▶ _GIVEN ENTRIES_:
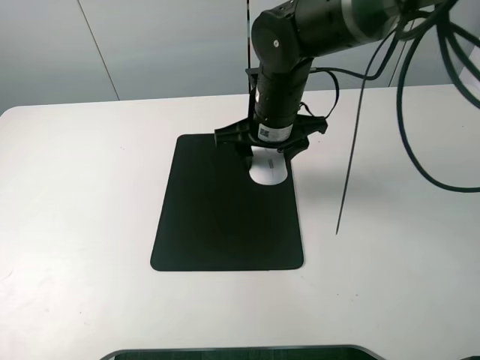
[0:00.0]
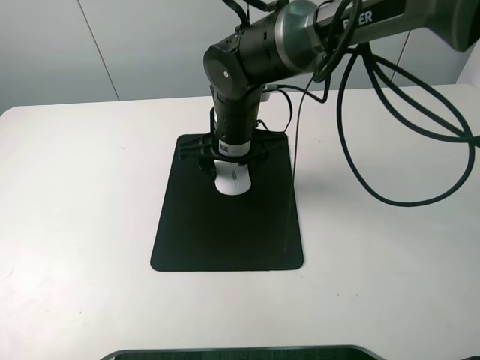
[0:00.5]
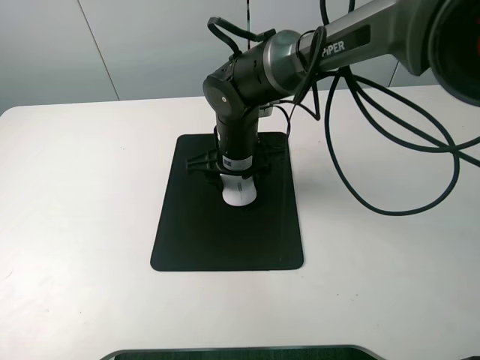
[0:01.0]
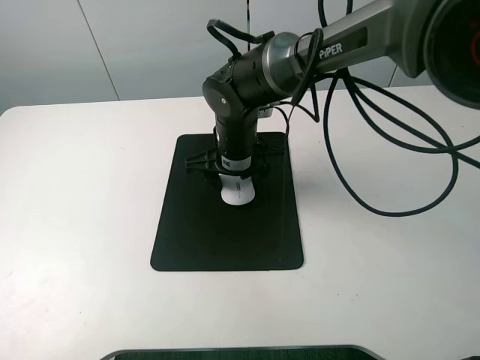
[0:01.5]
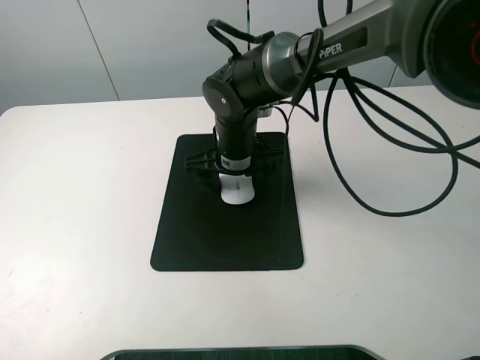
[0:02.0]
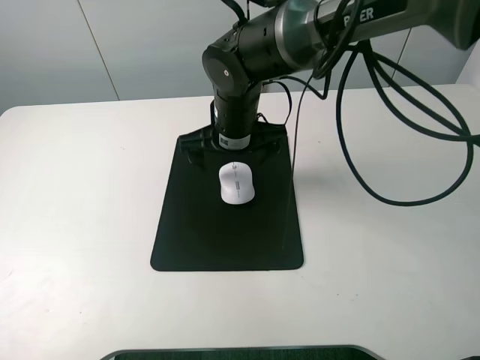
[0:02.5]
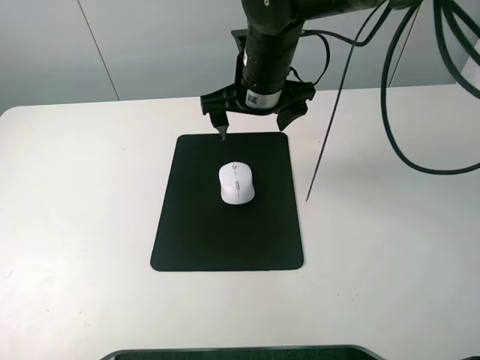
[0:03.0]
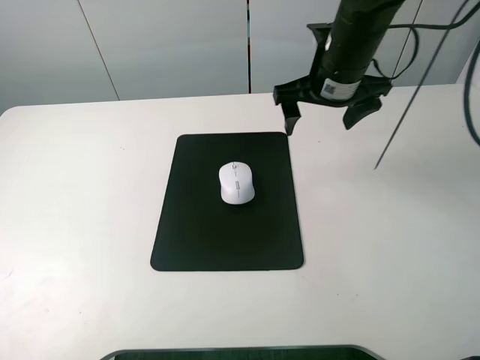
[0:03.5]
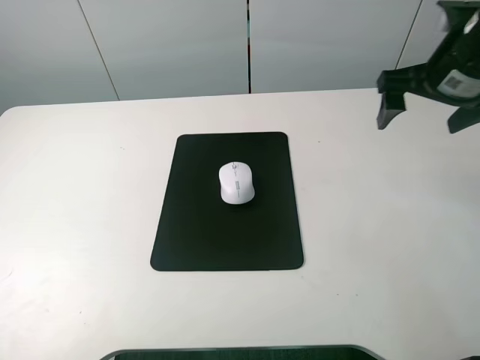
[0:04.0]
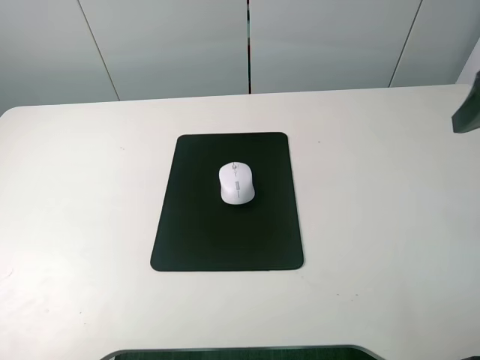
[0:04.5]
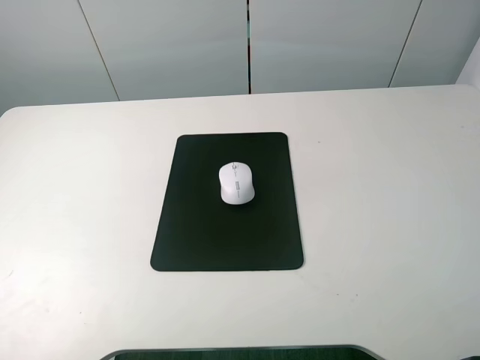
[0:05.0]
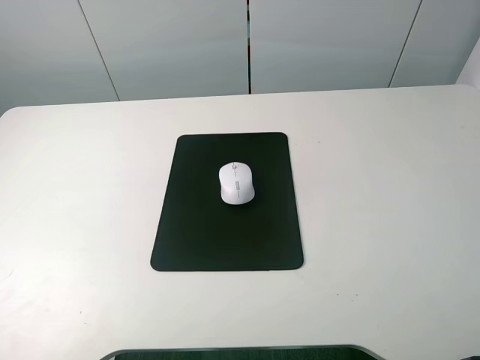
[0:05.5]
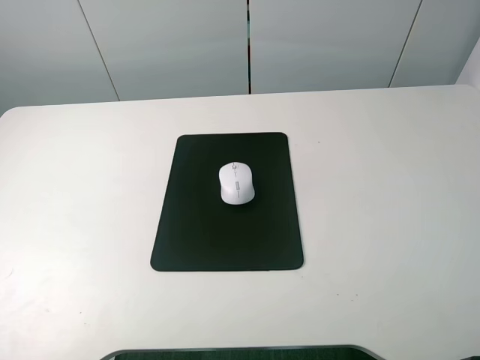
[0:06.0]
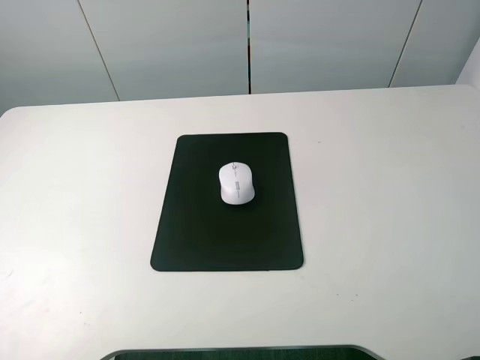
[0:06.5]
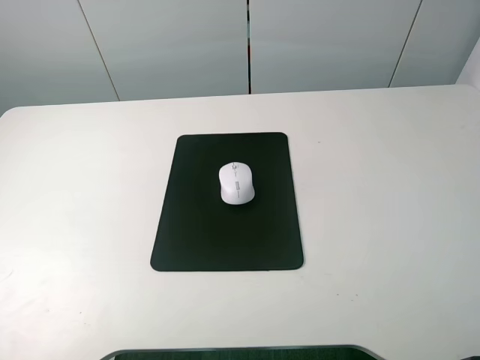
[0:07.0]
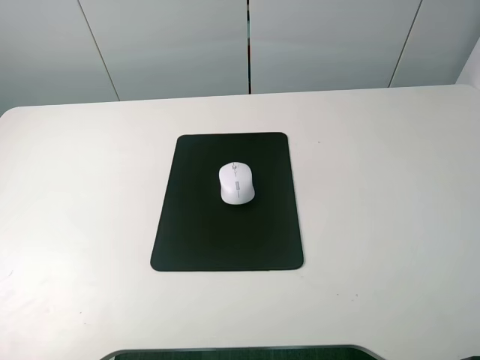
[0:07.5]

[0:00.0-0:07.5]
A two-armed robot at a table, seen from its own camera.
Step, 0:00.0 to 0:02.0: Place the mouse on the mouse mat with the right gripper.
0:00.0 to 0:02.0: The right gripper moves downward, some 5 cm, and opens.
0:02.0 to 0:04.0: The right gripper shifts approximately 30 cm to the right and upward.
0:04.0 to 0:05.5: The right gripper moves backward, about 30 cm.

▶ _WORK TO COMPLETE_: Write out an exact transcription of the line with "[0:00.0-0:07.5]" and of each line after it; stop at the end of the records.

▶ _SOLUTION TO THIS PROBLEM_:
[0:00.0-0:07.5]
A two-armed robot at a table, seen from its own camera.
Step, 0:00.0 to 0:02.0: Place the mouse on the mouse mat with the right gripper.
0:00.0 to 0:02.0: The right gripper moves downward, some 5 cm, and opens.
0:02.0 to 0:04.0: The right gripper shifts approximately 30 cm to the right and upward.
0:04.0 to 0:05.5: The right gripper moves backward, about 30 cm.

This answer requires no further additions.